Data records:
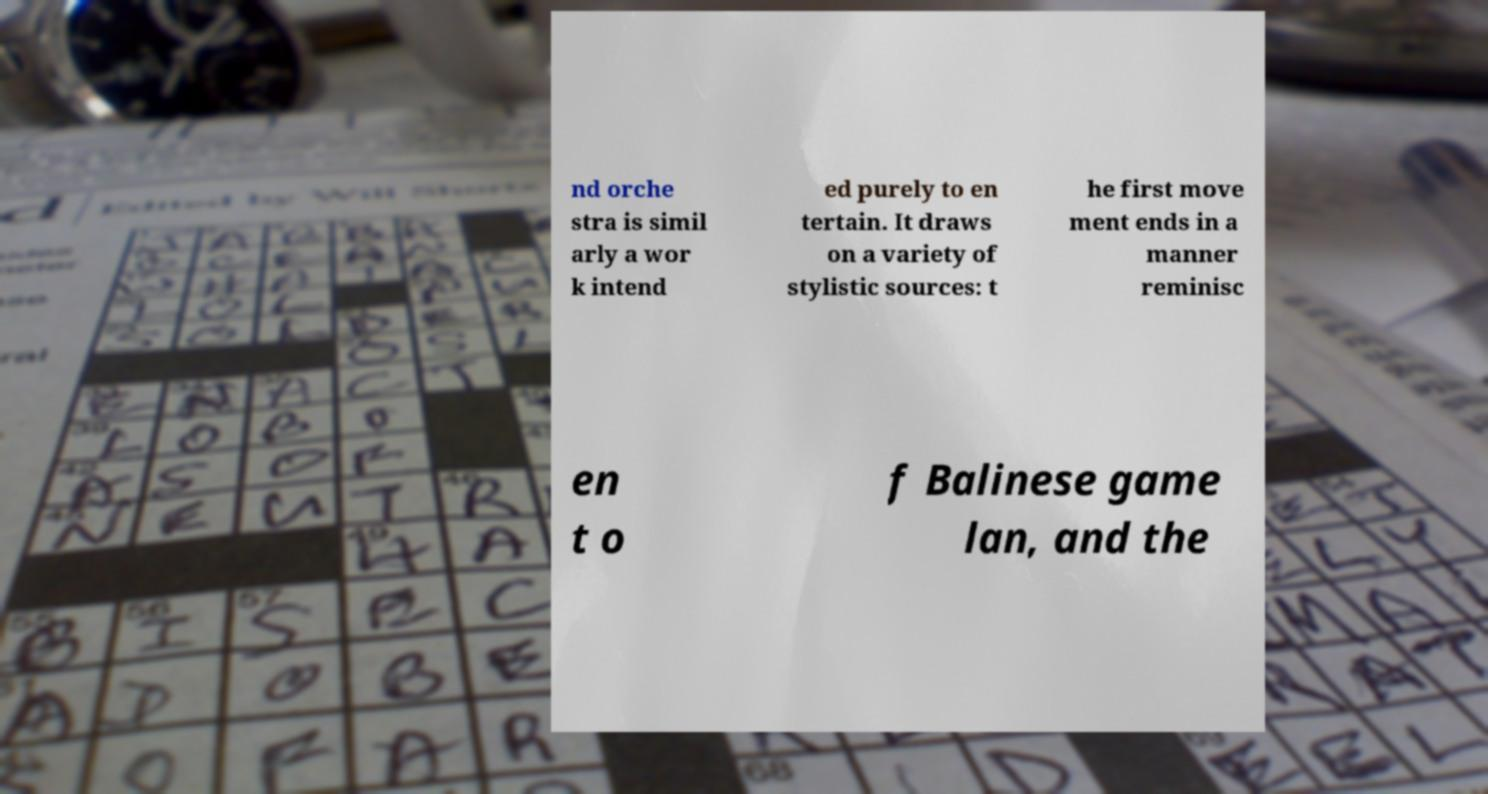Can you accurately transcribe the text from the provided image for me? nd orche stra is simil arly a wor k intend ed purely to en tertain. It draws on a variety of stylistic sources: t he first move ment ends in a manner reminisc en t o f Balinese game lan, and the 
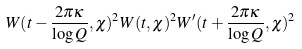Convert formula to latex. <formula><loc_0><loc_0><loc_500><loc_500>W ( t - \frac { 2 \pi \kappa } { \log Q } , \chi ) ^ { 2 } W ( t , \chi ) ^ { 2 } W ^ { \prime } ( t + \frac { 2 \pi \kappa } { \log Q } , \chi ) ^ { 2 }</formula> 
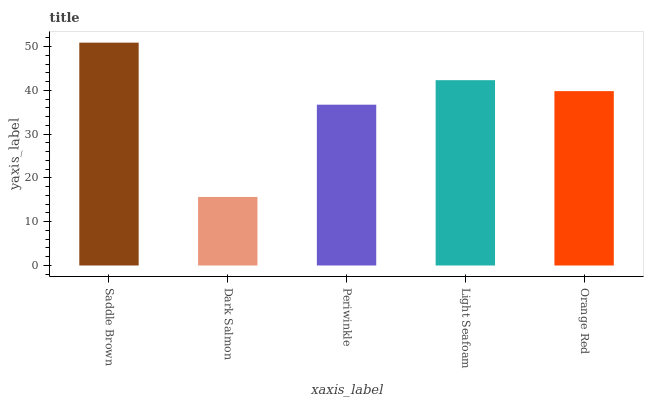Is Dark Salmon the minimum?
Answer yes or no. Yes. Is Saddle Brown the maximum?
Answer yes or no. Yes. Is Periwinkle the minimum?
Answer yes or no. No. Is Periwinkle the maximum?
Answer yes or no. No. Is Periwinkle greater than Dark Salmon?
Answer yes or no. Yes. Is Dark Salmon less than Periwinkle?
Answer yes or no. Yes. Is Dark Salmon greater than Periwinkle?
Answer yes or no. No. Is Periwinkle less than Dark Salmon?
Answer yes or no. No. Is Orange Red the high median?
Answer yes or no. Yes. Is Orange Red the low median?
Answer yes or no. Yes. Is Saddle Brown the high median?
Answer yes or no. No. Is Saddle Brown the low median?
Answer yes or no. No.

==

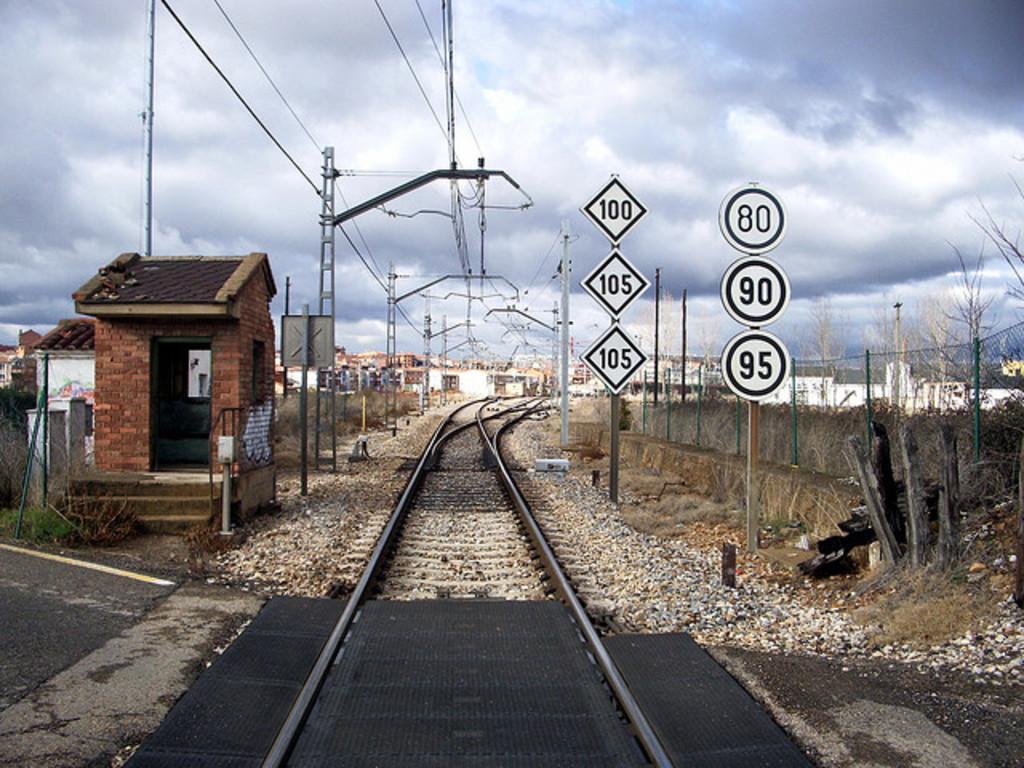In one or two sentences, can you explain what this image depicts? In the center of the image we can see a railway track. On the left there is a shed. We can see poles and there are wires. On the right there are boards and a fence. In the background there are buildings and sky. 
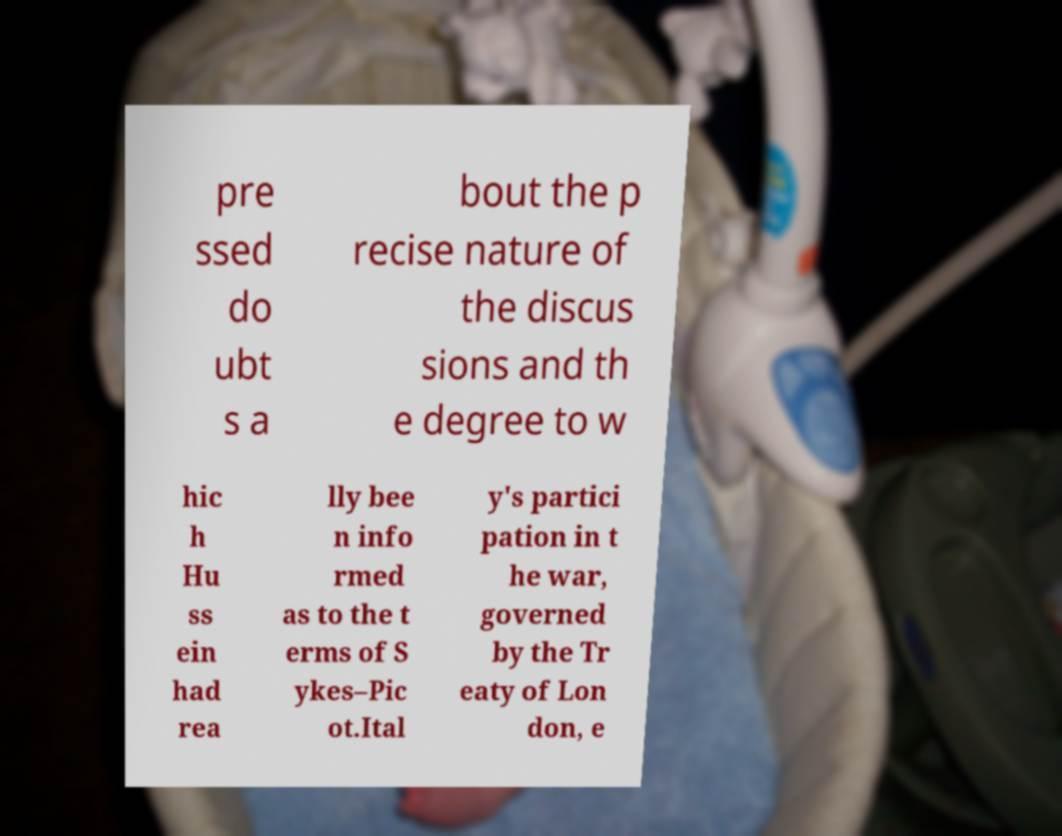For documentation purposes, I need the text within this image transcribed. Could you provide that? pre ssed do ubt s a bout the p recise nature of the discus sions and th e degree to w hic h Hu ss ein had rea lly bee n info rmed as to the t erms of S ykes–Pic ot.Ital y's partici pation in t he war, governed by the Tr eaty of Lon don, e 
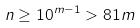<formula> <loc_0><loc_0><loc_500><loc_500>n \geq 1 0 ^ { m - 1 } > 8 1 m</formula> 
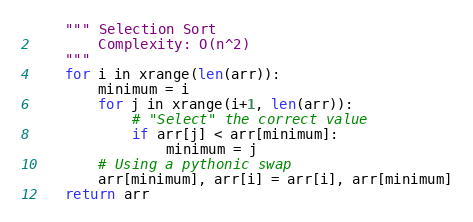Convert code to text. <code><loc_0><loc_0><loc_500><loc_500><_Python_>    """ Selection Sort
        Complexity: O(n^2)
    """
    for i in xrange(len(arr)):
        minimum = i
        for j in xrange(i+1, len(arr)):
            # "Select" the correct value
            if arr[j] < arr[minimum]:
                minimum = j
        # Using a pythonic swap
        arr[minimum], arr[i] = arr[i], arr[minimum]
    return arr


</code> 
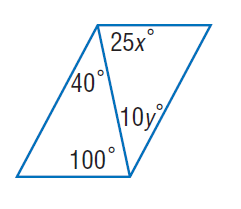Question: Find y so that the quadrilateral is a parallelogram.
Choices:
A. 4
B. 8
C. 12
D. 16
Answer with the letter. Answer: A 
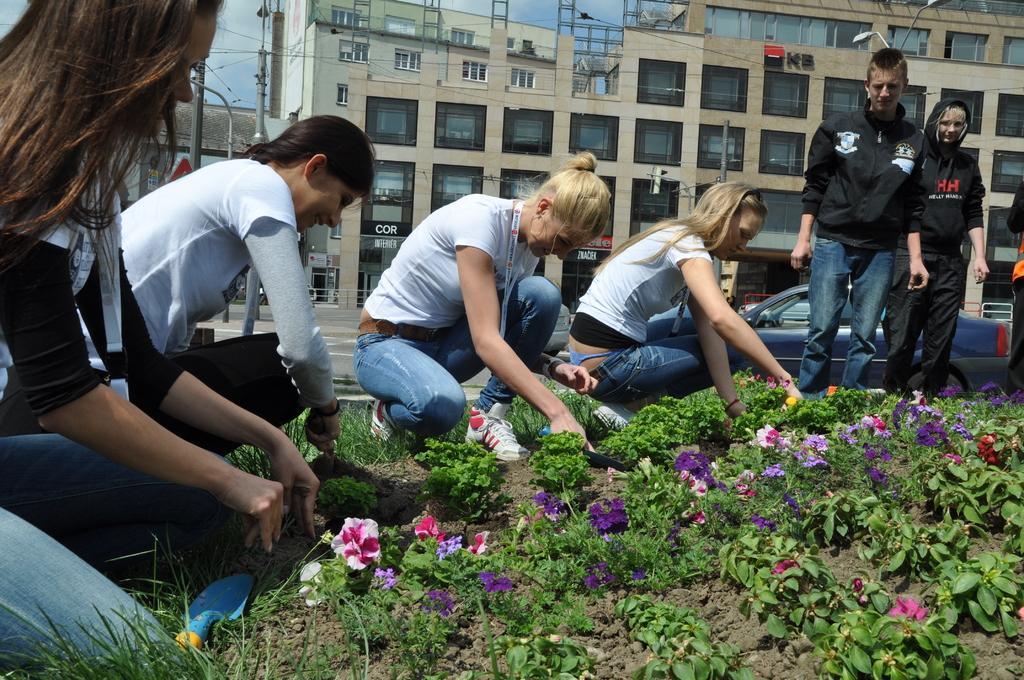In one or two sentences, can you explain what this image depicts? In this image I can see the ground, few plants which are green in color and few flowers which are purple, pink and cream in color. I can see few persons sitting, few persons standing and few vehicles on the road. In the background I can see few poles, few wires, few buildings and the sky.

--

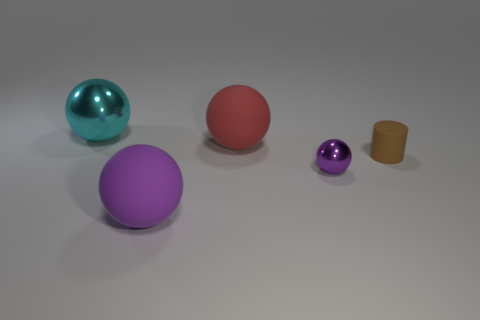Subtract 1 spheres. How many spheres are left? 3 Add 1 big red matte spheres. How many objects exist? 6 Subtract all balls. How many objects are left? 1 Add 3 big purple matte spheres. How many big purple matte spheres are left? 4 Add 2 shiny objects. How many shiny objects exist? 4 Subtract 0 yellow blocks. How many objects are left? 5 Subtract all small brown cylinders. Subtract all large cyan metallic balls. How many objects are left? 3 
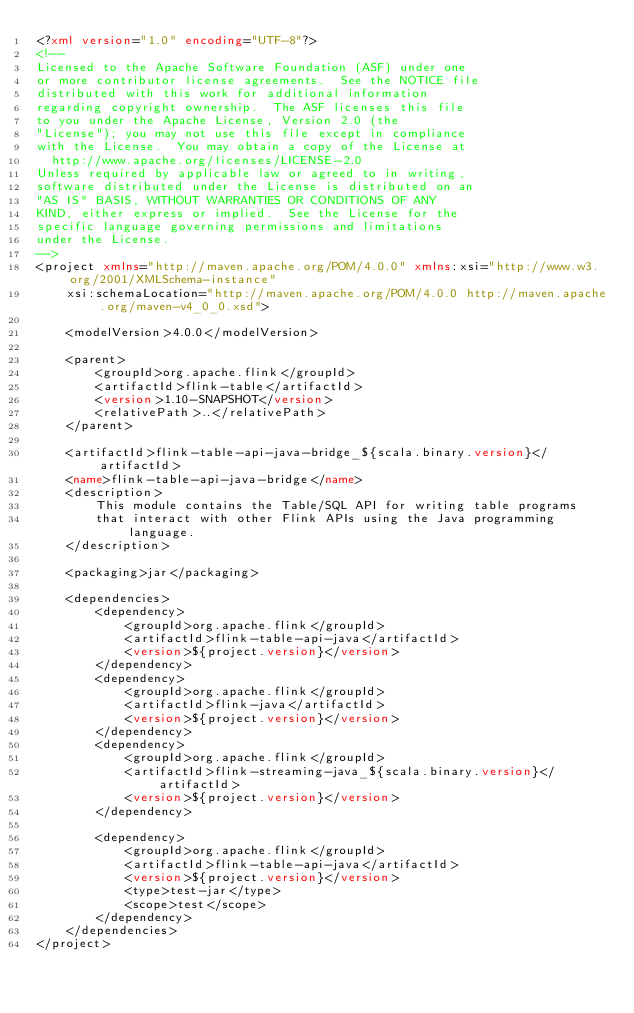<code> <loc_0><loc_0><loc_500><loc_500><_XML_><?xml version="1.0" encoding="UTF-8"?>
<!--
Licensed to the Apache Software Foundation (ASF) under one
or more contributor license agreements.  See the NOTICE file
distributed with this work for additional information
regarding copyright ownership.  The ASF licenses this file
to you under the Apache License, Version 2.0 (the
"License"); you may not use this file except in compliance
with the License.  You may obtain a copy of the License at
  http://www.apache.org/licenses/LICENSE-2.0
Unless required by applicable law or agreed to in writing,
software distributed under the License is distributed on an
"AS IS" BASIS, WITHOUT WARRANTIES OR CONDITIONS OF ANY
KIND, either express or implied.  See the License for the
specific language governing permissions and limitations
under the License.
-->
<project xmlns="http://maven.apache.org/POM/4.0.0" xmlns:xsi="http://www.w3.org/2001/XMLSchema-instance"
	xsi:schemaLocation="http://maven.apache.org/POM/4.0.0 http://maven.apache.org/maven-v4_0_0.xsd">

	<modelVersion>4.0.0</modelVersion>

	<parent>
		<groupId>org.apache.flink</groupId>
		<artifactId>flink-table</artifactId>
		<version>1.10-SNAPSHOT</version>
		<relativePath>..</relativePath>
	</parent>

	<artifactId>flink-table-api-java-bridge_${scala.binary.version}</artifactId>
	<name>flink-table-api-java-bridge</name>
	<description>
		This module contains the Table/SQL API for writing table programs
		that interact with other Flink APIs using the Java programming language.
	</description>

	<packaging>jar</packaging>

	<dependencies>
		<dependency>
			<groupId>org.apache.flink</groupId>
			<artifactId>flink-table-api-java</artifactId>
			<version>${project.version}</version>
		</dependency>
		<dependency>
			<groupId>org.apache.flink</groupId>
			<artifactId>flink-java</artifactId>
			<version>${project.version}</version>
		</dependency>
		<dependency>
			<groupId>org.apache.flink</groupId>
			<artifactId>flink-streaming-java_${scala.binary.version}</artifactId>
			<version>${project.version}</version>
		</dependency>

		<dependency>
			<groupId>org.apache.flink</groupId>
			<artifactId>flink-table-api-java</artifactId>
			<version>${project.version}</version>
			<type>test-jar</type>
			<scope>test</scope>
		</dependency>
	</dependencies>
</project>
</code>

YOUR GOAL
Note every line above where the string "maximum" shows up, and copy those lines.

EXERCISE RESULT
Answer yes or no. Yes. Is Saddle Brown the maximum?
Answer yes or no. No. Is Periwinkle the maximum?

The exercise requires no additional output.